O secretário executivo de Projetos Estratégicos da prefeitura, Alexis Vargas, garantiu em entrevista à Rádio Bandeirantes, em 1o de abril, que a remoção de barracas só ocorre após aviso e negociação com a pessoa em situação de rua. Em suas palavras:

“A gente primeiro passa com os técnicos de assistência social, avisando eles que ali vai ter uma limpeza e que eles precisam retirar os pertences. Só é apreendido quando eles se recusam a retirar. Quando é apreendido, fica à disposição no depósito da subprefeitura para que ele possa retirar e é sempre oferecido o acolhimento. A gente tem uma rede de acolhimento de 21 mil vagas”.

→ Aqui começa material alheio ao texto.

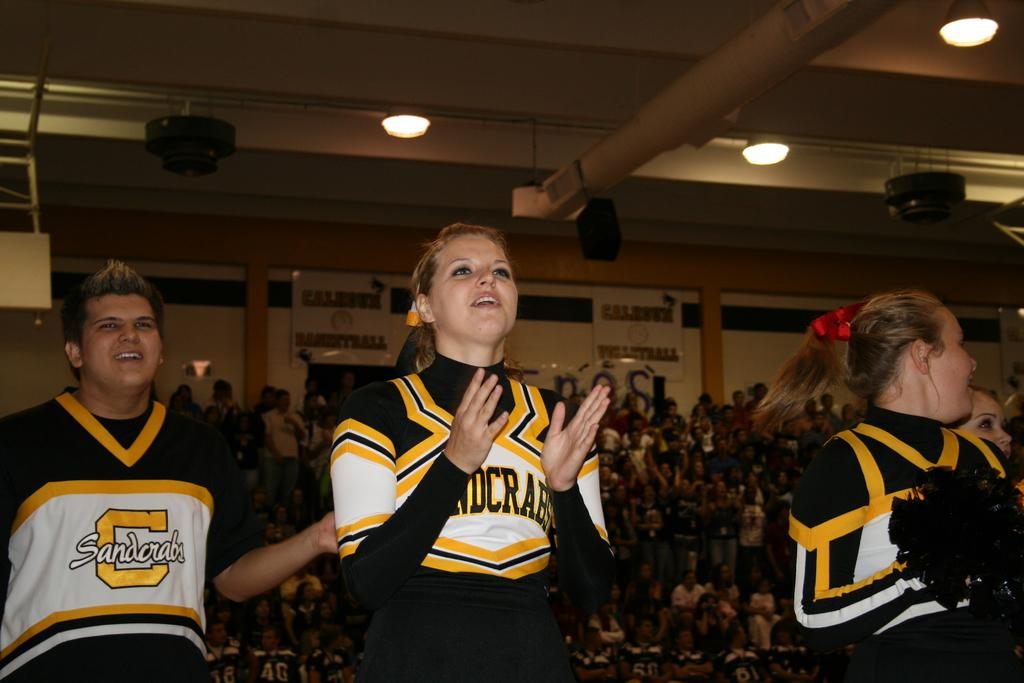Provide a one-sentence caption for the provided image. Members of the Sandcrabs cheer team get the fans fired up!.

Resulta interessante fazer um exercício de imaginação, no qual o mesmo secretário adapte suas ideias para os diferentes públicos igualmente privatizadores do espaço público. Vejamos como ficaria sua declaração, se voltada aos comerciantes proprietários de padarias e bares com mesas irregulares na calçada:

“A gente primeiro passa com os fiscais de postura, avisando eles que eles precisam limpar a calçada e além disso têm que retirar definitivamente as mesas e cadeiras. Só é apreendido quando eles se recusam a retirar. Quando forem apreendidas, ficarão à disposição no depósito da subprefeitura para que ele possa retirar e será sempre oferecida uma relação de imóveis para alugar nas imediações dos seus negócios, para que possam melhor atender seus clientes e aumentar o número de mesas e cadeiras à disposição”.

Ou então na entrada de uma vila de casas:

“Nós gostaríamos que os senhores retirassem os portões, grades e guaritas. Nós só vamos fazê-lo se vocês se recusarem, e neste caso vamos poupar os seus esforços e mesmo o custo da remoção. Faremos a retirada e deixaremos à disposição no depósito da subprefeitura. Também temos à disposição uma lista de trabalhadores cadastrados, que podem realizar a instalação de grades e muros nos limites de suas propriedades privadas, se assim desejado”.

A complexa partilha do espaço público (o que é de todos é “de ninguém”) permite retomar o artigo de O’Donnell para tratar da dificuldade de conciliar as microcenas da privatização do espaço com os macrodramas sociais. A dificuldade em tratar o espaço público como espaço de todos e compartilhá-lo é fato, e cabe aos poderes públicos estabelecer as regras para tornar a apropriação desses espaço não só mais civilizada, mas socialmente mais equilibrada.